_WHAT IS NEEDED:_
Give the data again word for word; drop the pictures.

THE INPUT section start

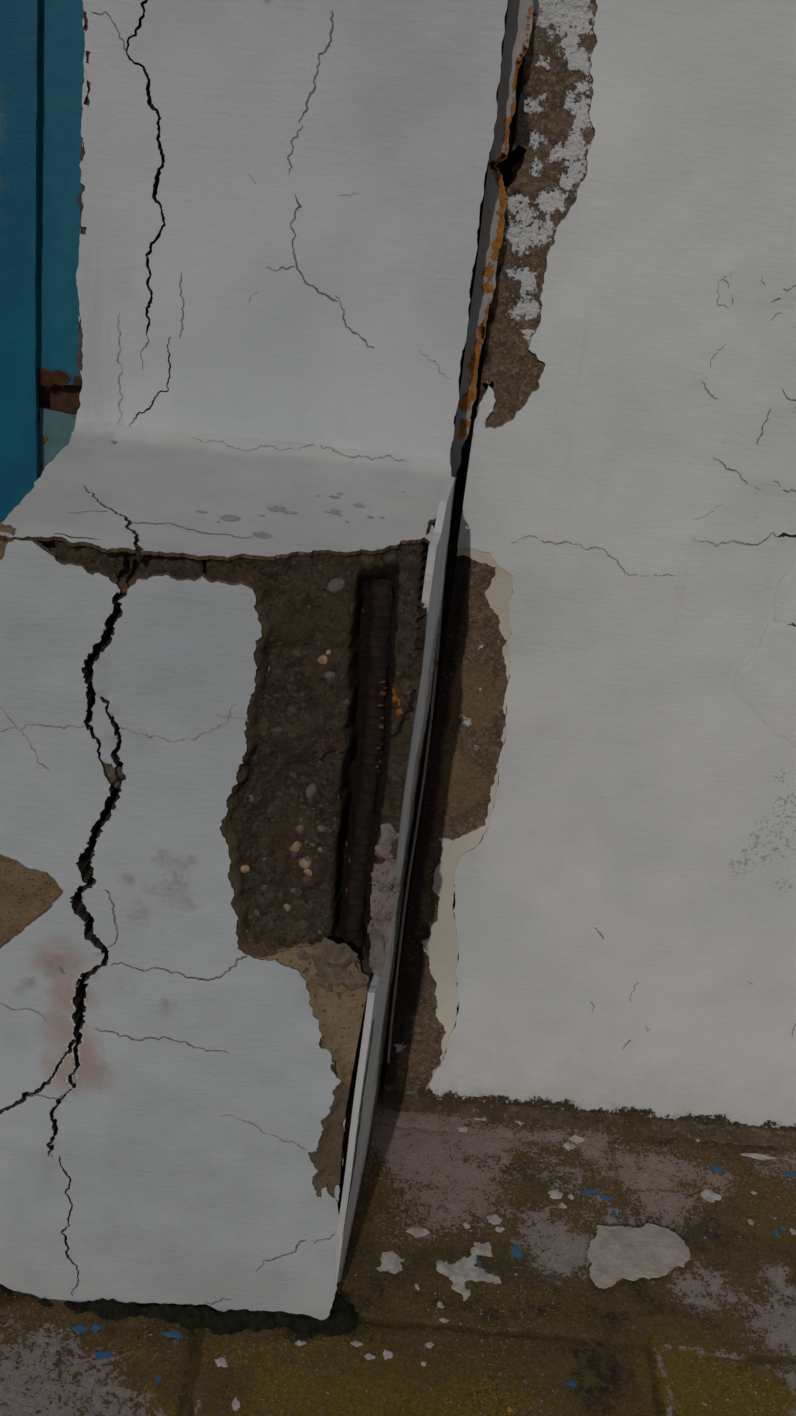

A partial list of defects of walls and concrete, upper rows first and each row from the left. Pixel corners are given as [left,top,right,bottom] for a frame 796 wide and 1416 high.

peeling [0,854,63,946]
crack [0,488,249,1292]
crack [91,0,184,424]
spalling [43,520,513,1203]
crack [248,10,374,348]
corrosion [377,680,405,729]
corrosion [457,5,534,438]
peeling [474,0,597,428]
crack [511,535,675,576]
crack [701,347,723,399]
crack [692,389,796,546]

THE INPUT section end

_TASK OUTPUT:_
A partial list of defects of walls and concrete, upper rows first and each row from the left. Pixel corners are given as [left,top,right,bottom] for a frame 796 wide and 1416 high.

peeling [0,854,63,946]
crack [0,488,249,1292]
crack [91,0,184,424]
spalling [43,520,513,1203]
crack [248,10,374,348]
corrosion [377,680,405,729]
corrosion [457,5,534,438]
peeling [474,0,597,428]
crack [511,535,675,576]
crack [701,347,723,399]
crack [692,389,796,546]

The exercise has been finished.